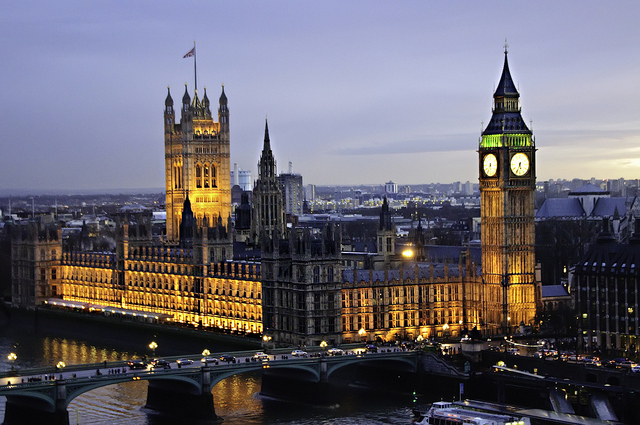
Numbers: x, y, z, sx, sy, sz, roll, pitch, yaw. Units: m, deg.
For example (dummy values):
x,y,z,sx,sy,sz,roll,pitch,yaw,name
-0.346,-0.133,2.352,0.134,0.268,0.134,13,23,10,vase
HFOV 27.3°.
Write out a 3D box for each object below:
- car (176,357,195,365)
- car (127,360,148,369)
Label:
x,y,z,sx,sy,sz,roll,pitch,yaw,name
-20.837,23.384,206.784,1.855,0.799,1.174,-3,2,-2,car
-28.051,23.480,203.411,2.497,1.170,2.210,-2,0,-20,car
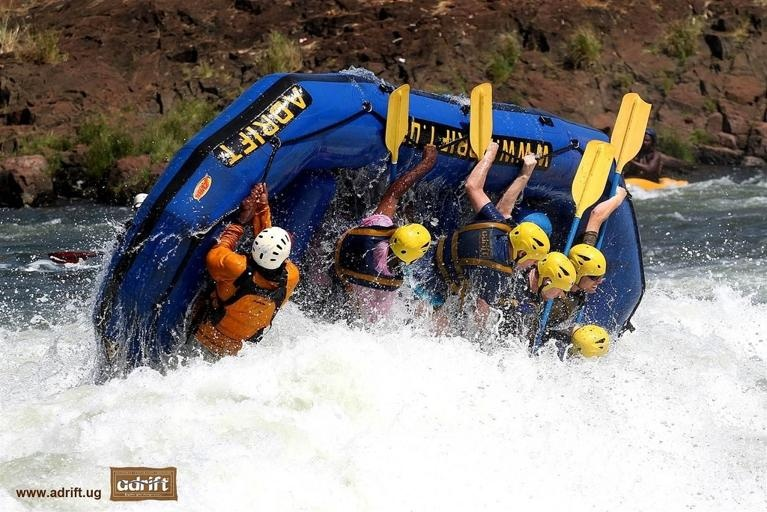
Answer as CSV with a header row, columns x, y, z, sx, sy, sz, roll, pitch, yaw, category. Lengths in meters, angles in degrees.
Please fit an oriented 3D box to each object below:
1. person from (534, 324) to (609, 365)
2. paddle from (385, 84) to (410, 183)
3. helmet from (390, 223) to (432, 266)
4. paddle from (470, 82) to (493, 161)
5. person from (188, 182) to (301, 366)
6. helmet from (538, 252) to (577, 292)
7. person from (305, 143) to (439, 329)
x,y,z,sx,sy,sz,roll,pitch,yaw,category
2.712,1.180,12.715,0.714,0.305,0.516,6,11,19,person
0.166,-1.655,11.595,0.271,1.003,0.149,2,9,-19,paddle
0.362,-0.179,11.509,0.579,0.461,0.412,9,44,22,helmet
1.272,-1.755,12.017,0.277,0.980,0.230,4,-7,-12,paddle
-1.756,0.303,11.051,1.133,1.817,0.617,0,26,-12,person
2.248,0.196,11.860,0.530,0.475,0.404,21,8,29,helmet
-0.227,-0.288,11.762,0.678,2.086,1.275,2,55,-41,person
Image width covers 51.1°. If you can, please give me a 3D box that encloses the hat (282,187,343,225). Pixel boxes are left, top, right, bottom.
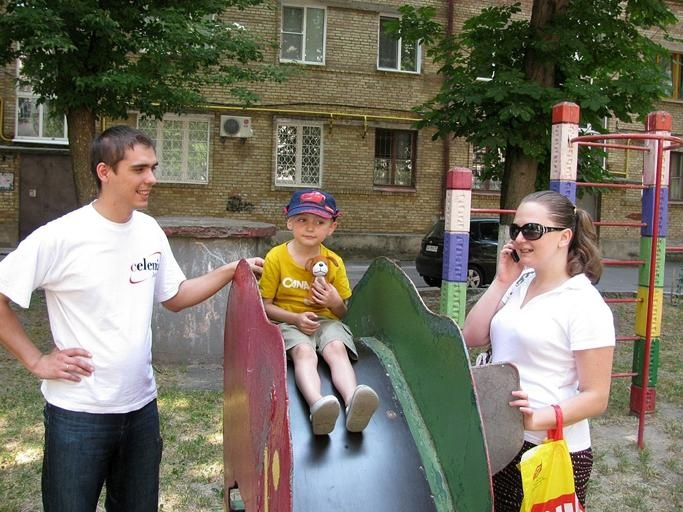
[{"bbox_3d":[-0.189,-0.339,4.586,0.321,0.222,0.425,4,-2,7],"label":"hat"}]

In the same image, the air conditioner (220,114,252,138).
[{"bbox_3d":[-2.617,-3.203,17.628,0.777,0.595,0.477,-1,3,-13],"label":"air conditioner"}]

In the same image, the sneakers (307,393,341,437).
[{"bbox_3d":[-0.093,0.839,3.821,0.152,0.243,0.194,0,4,-4],"label":"sneakers"}]

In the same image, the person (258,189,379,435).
[{"bbox_3d":[-0.127,0.283,4.251,0.540,1.156,1.412,-1,19,-14],"label":"person"}]

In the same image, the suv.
[{"bbox_3d":[2.211,-0.084,13.584,1.794,1.060,1.032,-4,5,-17],"label":"suv"}]

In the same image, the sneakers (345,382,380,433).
[{"bbox_3d":[0.101,0.808,3.858,0.135,0.283,0.116,11,26,-14],"label":"sneakers"}]

- EXERCISE OBJECTIVE: Starting at the line containing "- car (176,357,195,365)" and stopping at the line containing "Answer as CSV", output every line above exactly, both ends included, with pictures omitted.

- FINAL ANSWER:
- car (176,357,195,365)
- car (127,360,148,369)
Label:
x,y,z,sx,sy,sz,roll,pitch,yaw,name
-20.837,23.384,206.784,1.855,0.799,1.174,-3,2,-2,car
-28.051,23.480,203.411,2.497,1.170,2.210,-2,0,-20,car
Answer as CSV with a header row, columns x, y, z, sx, sy, sz, roll, pitch, yaw, category. Lengths in meters, angles in degrees.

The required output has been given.